Methods: Patients with R/R DLBCL, ineligible for autologous stem cell transplantation, who had received up to 3 prior lines of therapy, including at least one anti-CD20 therapy, and had adequate organ function were eligible. Treatment comprised up to 12, 28-day (d) cycles (C) of MOR208, 12 mg/kg IV, q1w C1–3 (loading dose on d4 of C1), and q2w C4–12 plus LEN 25 mg PO d1–21, C1–12. Pts progression-free after C12 received MOR208 q2w until progression. The primary endpoint was independent review committee (IRC)-assessed overall response rate (ORR) as per Cheson 2007 criteria. Secondary endpoints included investigator (INV)-assessed ORR, as well as overall survival (OS), progression-free survival (PFS), duration of response (DoR), and safety.
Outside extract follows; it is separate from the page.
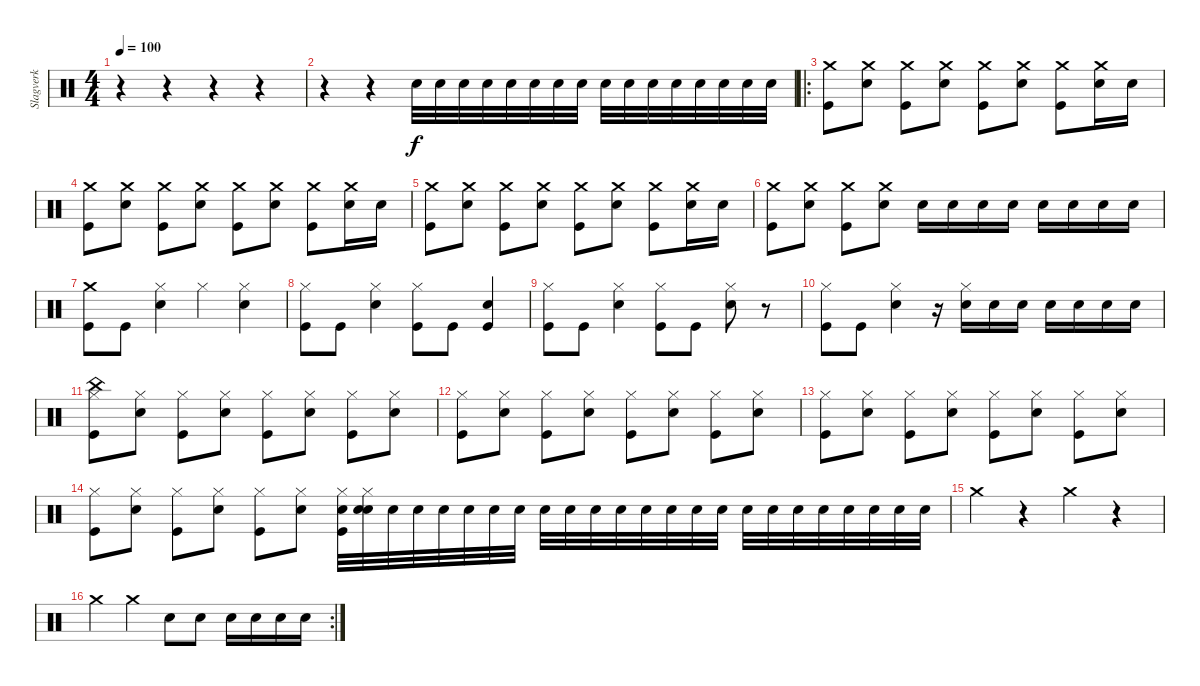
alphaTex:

Results: As of June 5, 2018, recruitment was complete (n= 81 pts). At baseline, median age was 72 years (range 41–87), median number of prior therapies was 2 (range 1–4), 23% of pts had early relapse (≤ 12 months from initial diagnosis), 40% were rituximab-refractory (no response or progression during or within 6 months of a prior rituximab therapy), 42% were refractory to their last therapy, and 52% had an International Prognostic Index (IPI) of 3–5. MOR208 plus LEN therapy was well tolerated, and 58 (72%) pts stayed on a LEN dose of≥ 20 mg/day. The most common grade≥ 3 treatment-emergent adverse events were neutropenia in 43% of pts, thrombocytopenia in 17%, febrile neutropenia in 12%, anemia in 9%, leukopenia in 7%, and hypokalemia in 6% of pts. Investigator (INV)-assessed complete response (CR) and partial response rates were 33% and 25%, respectively; as a result, ORR was 58%(n= 81). IRC-assessed ORR and CR rates were 54% and 32%, respectively (n= 76). At a median follow-up of 12 months, the INV-assessed median PFS, OS and DoR (intention-to-treat analysis) were 16.2 months (95% CI: 6.3 months–NR), not reached (95% CI: 18.6 months–NR), and not reached (95% CI: NR–NR), respectively. Thirty-seven (46%) pts were ongoing in the study.

Conclusions: The combination of MOR208 and LEN was well tolerated and has shown encouraging activity and long lasting responses in pts with RR DLBCL, who have poor prognosis and urgently need effective therapies. Primary analysis results of the study with a recent cut-off (November 30, 2018) and a longer follow-up will be presented at this conference.